New Canadian Nutrition Facts Panel Should Improve Digestion of Information

Maple leaf meal
Aug 16, 2017
TORONTO, CANADA -- The Canadian government’s path to modernizing its food safety system includes an overhaul of its nutrition facts panel and ingredient listing for food products, mirroring many of the proposed changes seen in the recent U.S. nutrition label update.  Both countries’ governments aim to provide consumers with access to more recent and accurate nutrition information about the foods and beverages they’re consuming, and the Canadian changes focus on packaging the information to make it easier for consumers to read, understand, and make informed food choices.

“The nutrition label for U.S. rice in Canada will remain unchanged, except for the easier to read new labels,” said Pereina Choudhury, USA Rice promotions director in Canada.  “In products where rice is used as an ingredient, it will help the overall health profile of the product since rice has no sugar and sugar contents will be required to be listed due to Canada’s big push to limit sugary foods.”  

The new Canadian guidelines require a larger font be used for serving size and calorie count, the latter underlined for emphasis.  The serving size for similar products is now more consistent and better reflects the portion Canadians consume in one sitting.  Reading the ingredient list for processed foods will be easier as the text must be black on a white or neutral background, a minimum font size is required, and each ingredient will include a capital letter (unless in brackets).  All sugars must now be grouped (in brackets) and food colors must be listed by their common names.

The daily percentage values are now science-based and one has been added for total sugars.  The addition of a footnote on these values will help consumers understand if the amount of sugars and/or nutrients is considered a little or a lot.

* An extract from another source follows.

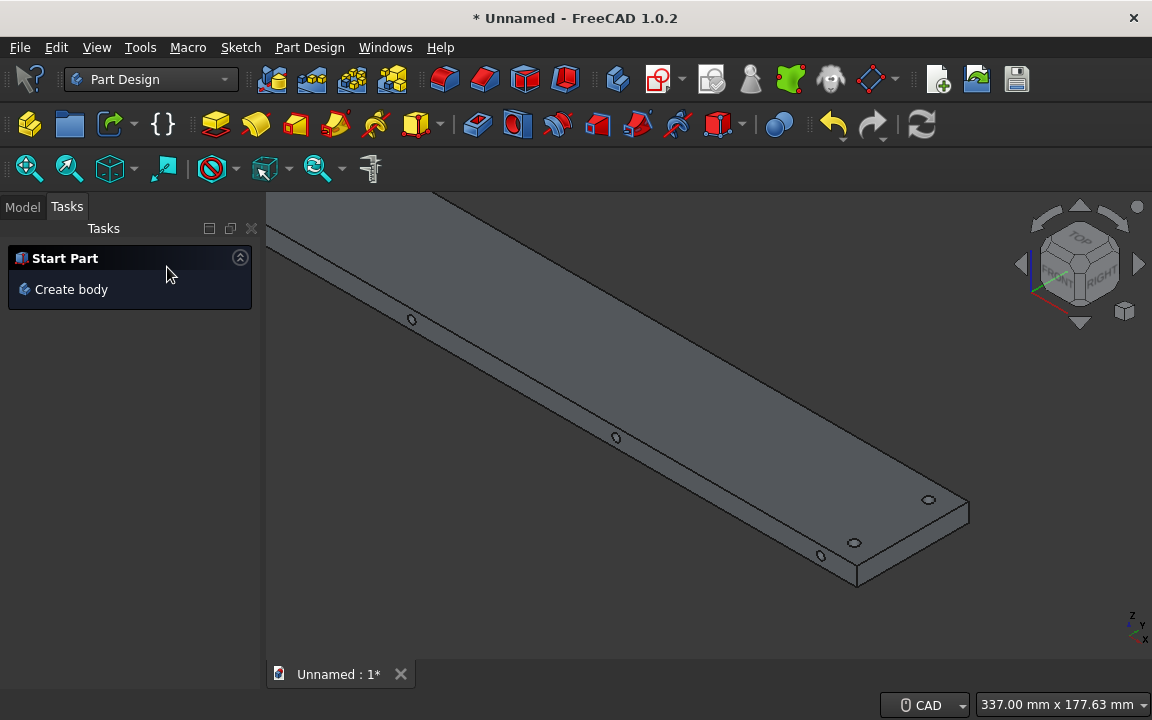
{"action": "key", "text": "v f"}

Potassium - present in rice - has been added to the nutrients list because research has shown the Canadian diet lacks this important nutrient that helps regulate a healthy blood pressure.  

“While some food labels have already adopted the new guidelines, it is not yet mandatory and a five-year transition period has been granted,” said Choudhury.  “Canadian consumers have been asking for nutritional information that they can understand and use when comparing similar food products.  We think these label changes will do a good job showing how rice is an important component to the national diet here.”